- Study material:
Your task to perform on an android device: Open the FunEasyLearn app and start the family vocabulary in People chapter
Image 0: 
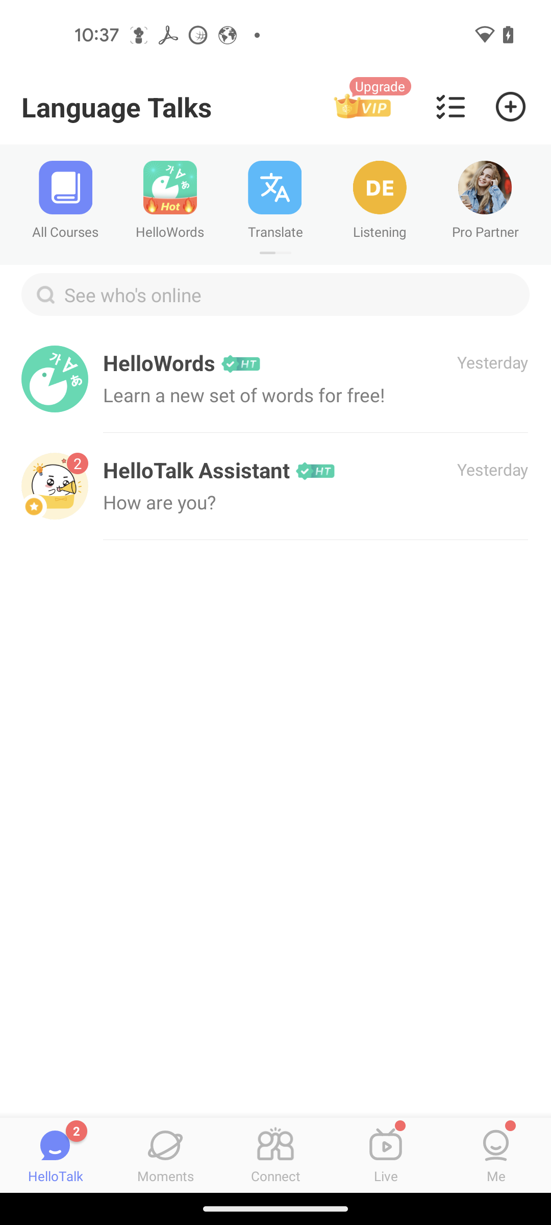
Open the FunEasyLearn app
Step 0: open app "FunEasyLearn"
Image 1: 
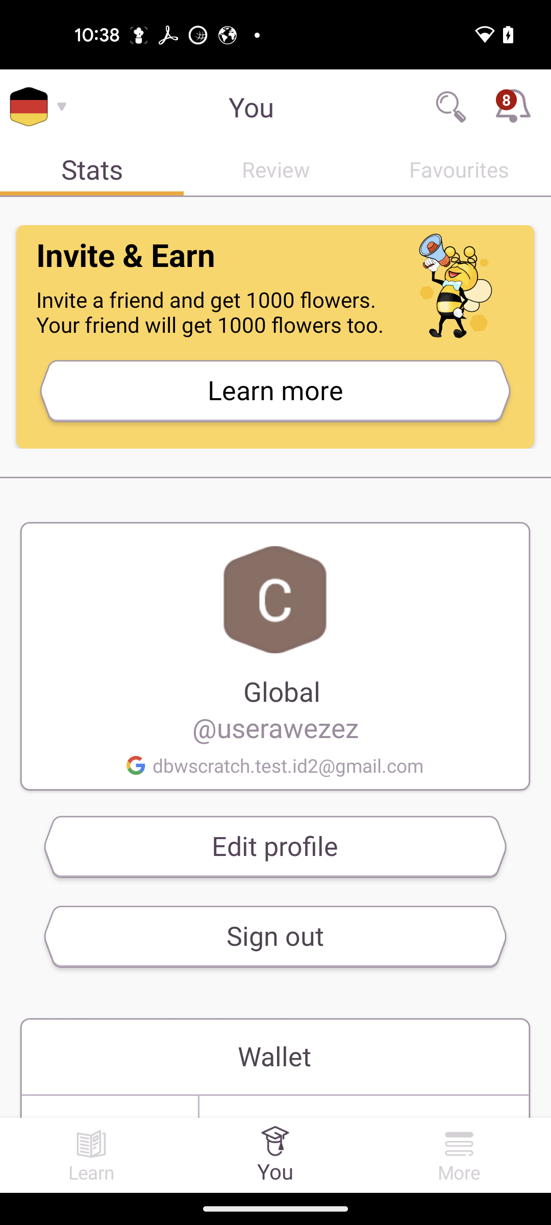
click on learn tab
Step 1: click (109, 1130)
Image 2: 
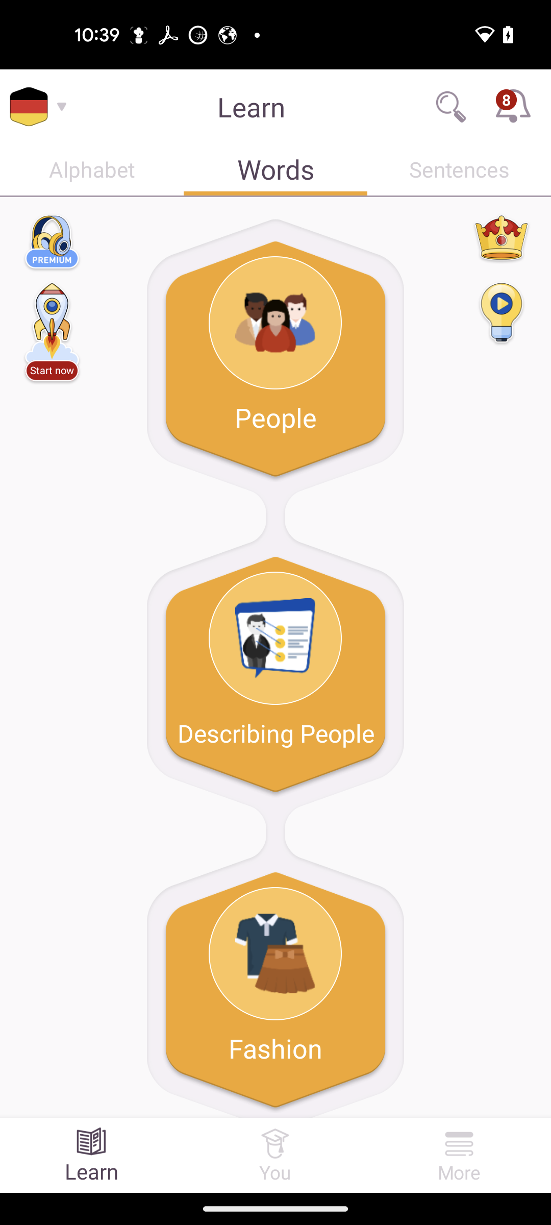
click on People chapter
Step 2: click (275, 322)
Image 3: 
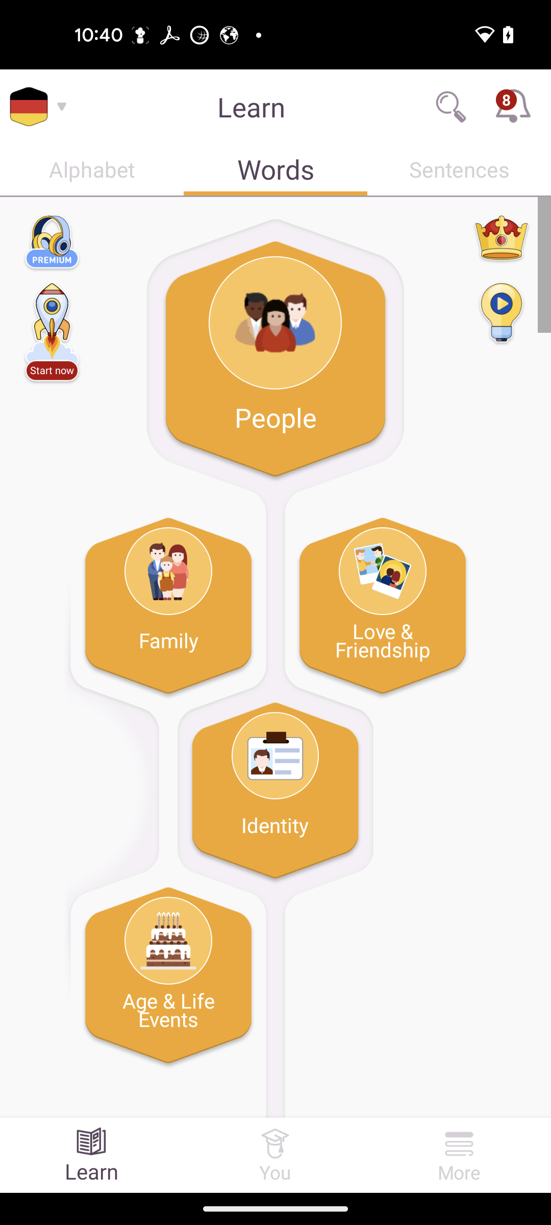
click on family vocabulary
Step 3: click (168, 571)

- Instructions for the task:
Exact copy, no pictures: please print every record above as written.

- Solution:
Your task to perform on an android device: Open the FunEasyLearn app and start the family vocabulary in People chapter
Image 0: 
Open the FunEasyLearn app
Step 0: open app "FunEasyLearn"
Image 1: 
click on learn tab
Step 1: click (109, 1130)
Image 2: 
click on People chapter
Step 2: click (275, 322)
Image 3: 
click on family vocabulary
Step 3: click (168, 571)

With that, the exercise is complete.